### DATA:
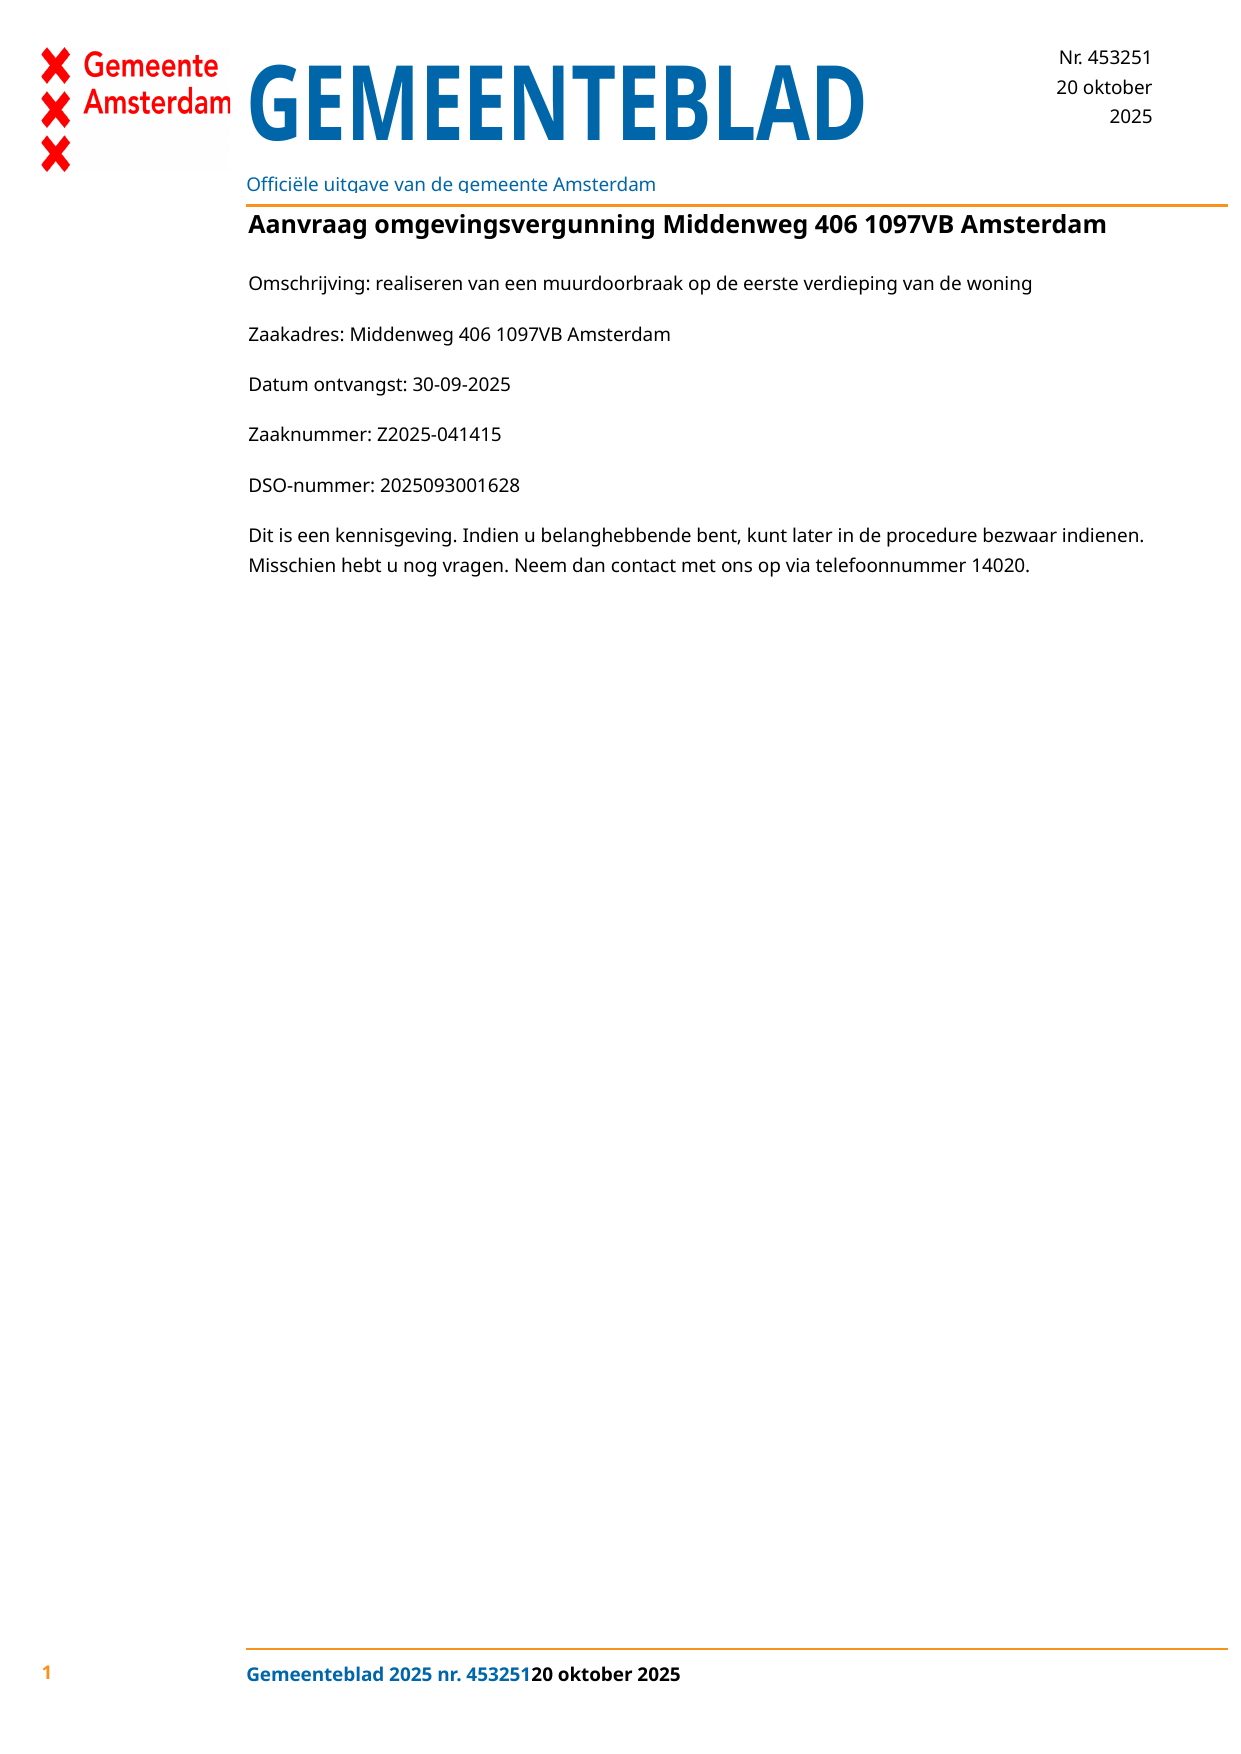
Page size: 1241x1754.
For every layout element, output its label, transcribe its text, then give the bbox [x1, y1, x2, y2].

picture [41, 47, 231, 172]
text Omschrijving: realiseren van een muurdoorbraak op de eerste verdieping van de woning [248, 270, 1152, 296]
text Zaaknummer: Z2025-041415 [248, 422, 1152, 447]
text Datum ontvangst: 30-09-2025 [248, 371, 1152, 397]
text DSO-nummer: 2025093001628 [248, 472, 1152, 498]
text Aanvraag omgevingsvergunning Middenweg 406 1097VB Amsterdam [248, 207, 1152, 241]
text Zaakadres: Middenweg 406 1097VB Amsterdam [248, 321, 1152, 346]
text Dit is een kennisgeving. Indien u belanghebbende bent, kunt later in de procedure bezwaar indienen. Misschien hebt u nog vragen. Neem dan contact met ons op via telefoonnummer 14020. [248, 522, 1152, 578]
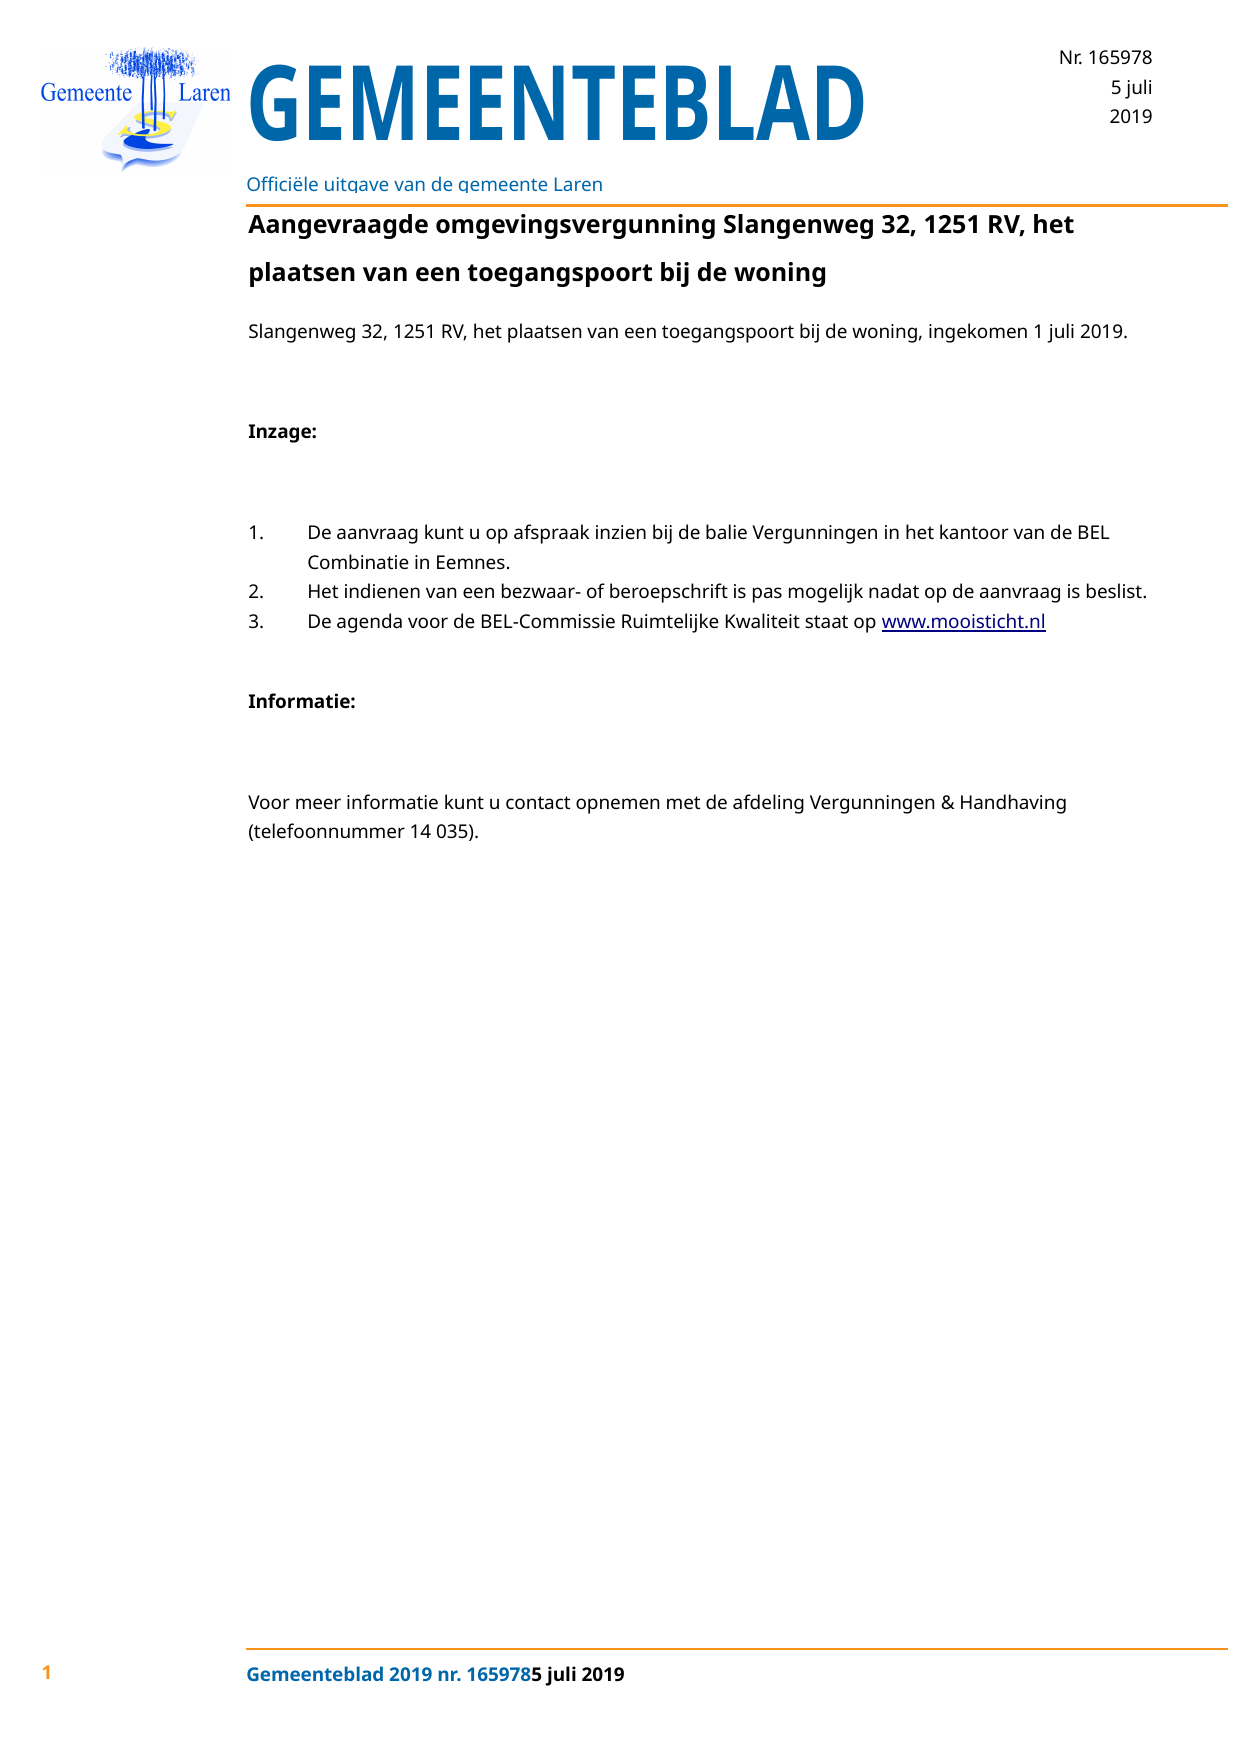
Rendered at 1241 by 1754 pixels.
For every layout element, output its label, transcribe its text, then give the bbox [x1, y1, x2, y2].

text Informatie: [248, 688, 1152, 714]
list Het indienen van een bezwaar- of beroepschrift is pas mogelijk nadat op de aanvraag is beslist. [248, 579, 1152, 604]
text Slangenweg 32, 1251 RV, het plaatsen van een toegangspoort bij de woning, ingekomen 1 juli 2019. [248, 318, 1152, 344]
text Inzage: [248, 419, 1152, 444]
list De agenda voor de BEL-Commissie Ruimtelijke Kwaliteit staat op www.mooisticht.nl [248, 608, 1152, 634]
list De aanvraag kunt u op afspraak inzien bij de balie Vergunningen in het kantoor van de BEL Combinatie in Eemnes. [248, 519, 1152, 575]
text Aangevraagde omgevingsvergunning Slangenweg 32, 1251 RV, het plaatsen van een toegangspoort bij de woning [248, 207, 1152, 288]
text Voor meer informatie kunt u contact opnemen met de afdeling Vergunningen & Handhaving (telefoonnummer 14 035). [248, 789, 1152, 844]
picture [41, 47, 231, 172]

### PROBLEM TO SOLVE:
Omitting all pictures, set the listing down exactly.

### OUTPUT:
Page size: 1241x1754.
For every layout element, output its label, transcribe its text, then give the bbox [x1, y1, x2, y2].

picture [41, 47, 231, 172]
text Omschrijving: realiseren van een muurdoorbraak op de eerste verdieping van de woning [248, 270, 1152, 296]
text Zaaknummer: Z2025-041415 [248, 422, 1152, 447]
text Datum ontvangst: 30-09-2025 [248, 371, 1152, 397]
text DSO-nummer: 2025093001628 [248, 472, 1152, 498]
text Aanvraag omgevingsvergunning Middenweg 406 1097VB Amsterdam [248, 207, 1152, 241]
text Zaakadres: Middenweg 406 1097VB Amsterdam [248, 321, 1152, 346]
text Dit is een kennisgeving. Indien u belanghebbende bent, kunt later in de procedure bezwaar indienen. Misschien hebt u nog vragen. Neem dan contact met ons op via telefoonnummer 14020. [248, 522, 1152, 578]
Rendered at 1241 by 1754 pixels.
For every layout element, output its label, transcribe its text, then give the bbox [x1, y1, x2, y2].

text Informatie: [248, 688, 1152, 714]
list Het indienen van een bezwaar- of beroepschrift is pas mogelijk nadat op de aanvraag is beslist. [248, 579, 1152, 604]
text Slangenweg 32, 1251 RV, het plaatsen van een toegangspoort bij de woning, ingekomen 1 juli 2019. [248, 318, 1152, 344]
text Inzage: [248, 419, 1152, 444]
list De agenda voor de BEL-Commissie Ruimtelijke Kwaliteit staat op www.mooisticht.nl [248, 608, 1152, 634]
list De aanvraag kunt u op afspraak inzien bij de balie Vergunningen in het kantoor van de BEL Combinatie in Eemnes. [248, 519, 1152, 575]
text Aangevraagde omgevingsvergunning Slangenweg 32, 1251 RV, het plaatsen van een toegangspoort bij de woning [248, 207, 1152, 288]
text Voor meer informatie kunt u contact opnemen met de afdeling Vergunningen & Handhaving (telefoonnummer 14 035). [248, 789, 1152, 844]
picture [41, 47, 231, 172]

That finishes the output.